How knows JVM the generics type paramter without arguments?

Question

I have a generics factory method.

public static <T> List<T> create(){
    return new ArrayList<T>();
}

But it hasn't arguments/parameters.

I don't give the type paramter for the function, but it knows the appropriate type without any arguments.

public static void main(String[] args){
    List<Integer> intlist = create();  //it is an Integer List
    List<String> stringlist = create();  //it is a String List
}

Answer 1

One point of view is that when the generic parameter is not explicitly given, it is inferred. Usually, it is inferred from the arguments, but when there are no arguments, in limited cases (e.g. variable declaration) it can be inferred from the left side.

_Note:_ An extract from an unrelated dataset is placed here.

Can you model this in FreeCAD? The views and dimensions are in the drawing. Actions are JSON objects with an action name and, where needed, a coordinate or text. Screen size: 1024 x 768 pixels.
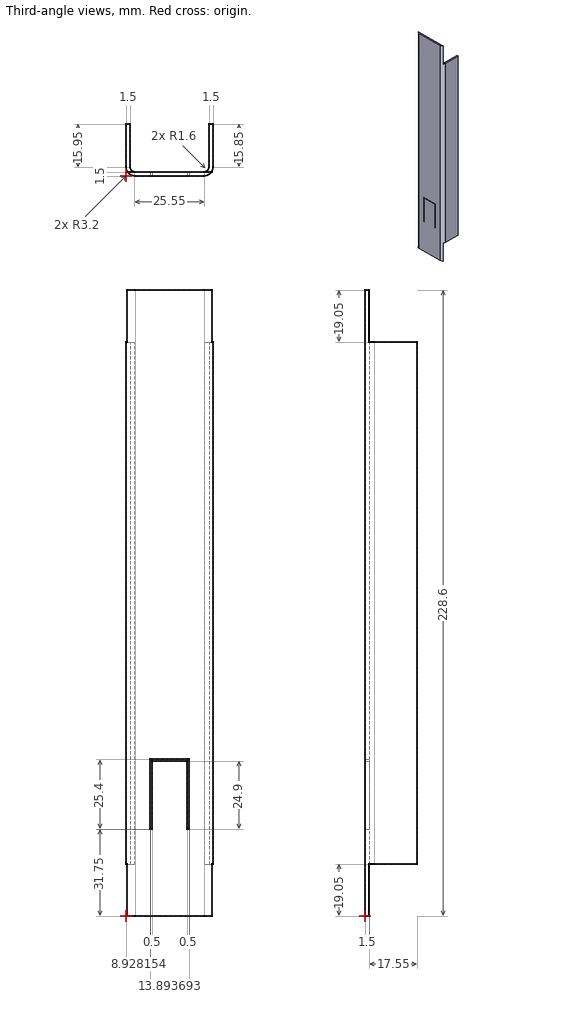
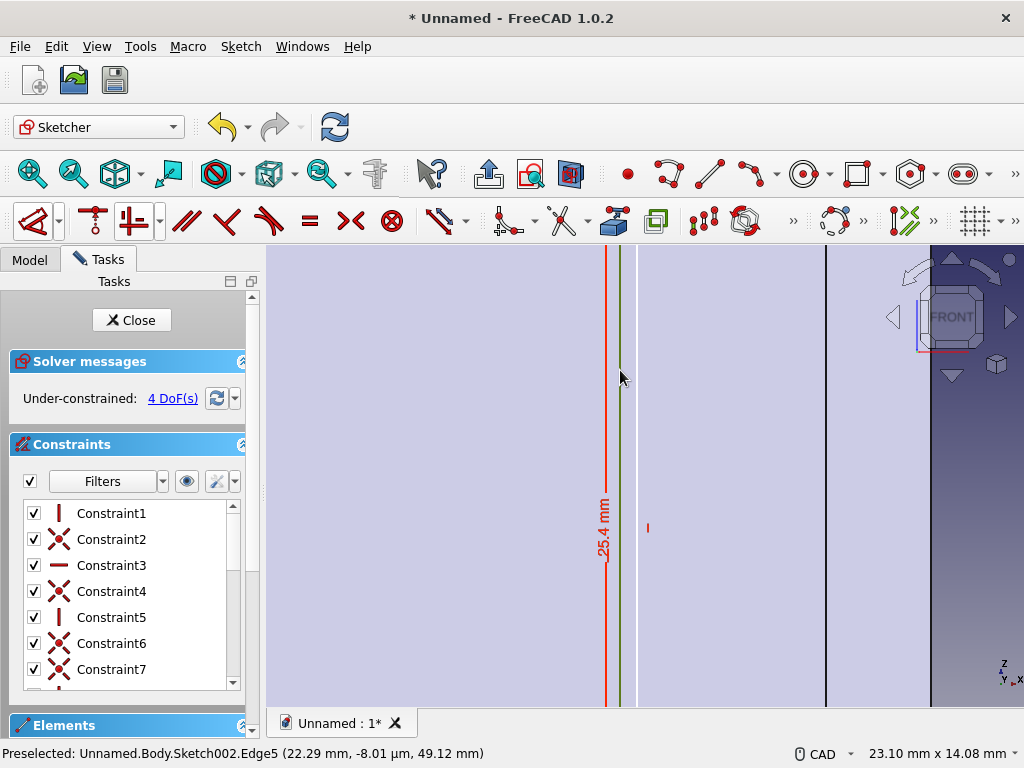
{"action": "left_click", "coordinate": [58, 222]}

Another point of view is that, when the generic parameter is not explicitly given, the compiler doesn't really care what the parameter is exactly. After all, the type parameter does not affect the compiled bytecode at all. It just needs to be able to prove that there exists some type parameter that would make it work; and it doesn't care any more. There could be multiple valid type parameters for a situation; but it doesn't care which one is "used", because it has no effect on the result. In this case, since the method takes no arguments and returns a List<T> where T is a generic for the method, as long as it's used in a context that takes a List, it is valid, because regardless of List<what exactly> is desired, a valid T exists (T = whatever type parameter is desired). So the compiler doesn't actually need to check the type parameter at all in this case.

Answer 2

The JVM doesn't know the generic type parameter due to type erasure.

The Java compiler is able to infer that T should be Integer or String in your examples, because it has access to the generic type information on the types of the variables you have declared.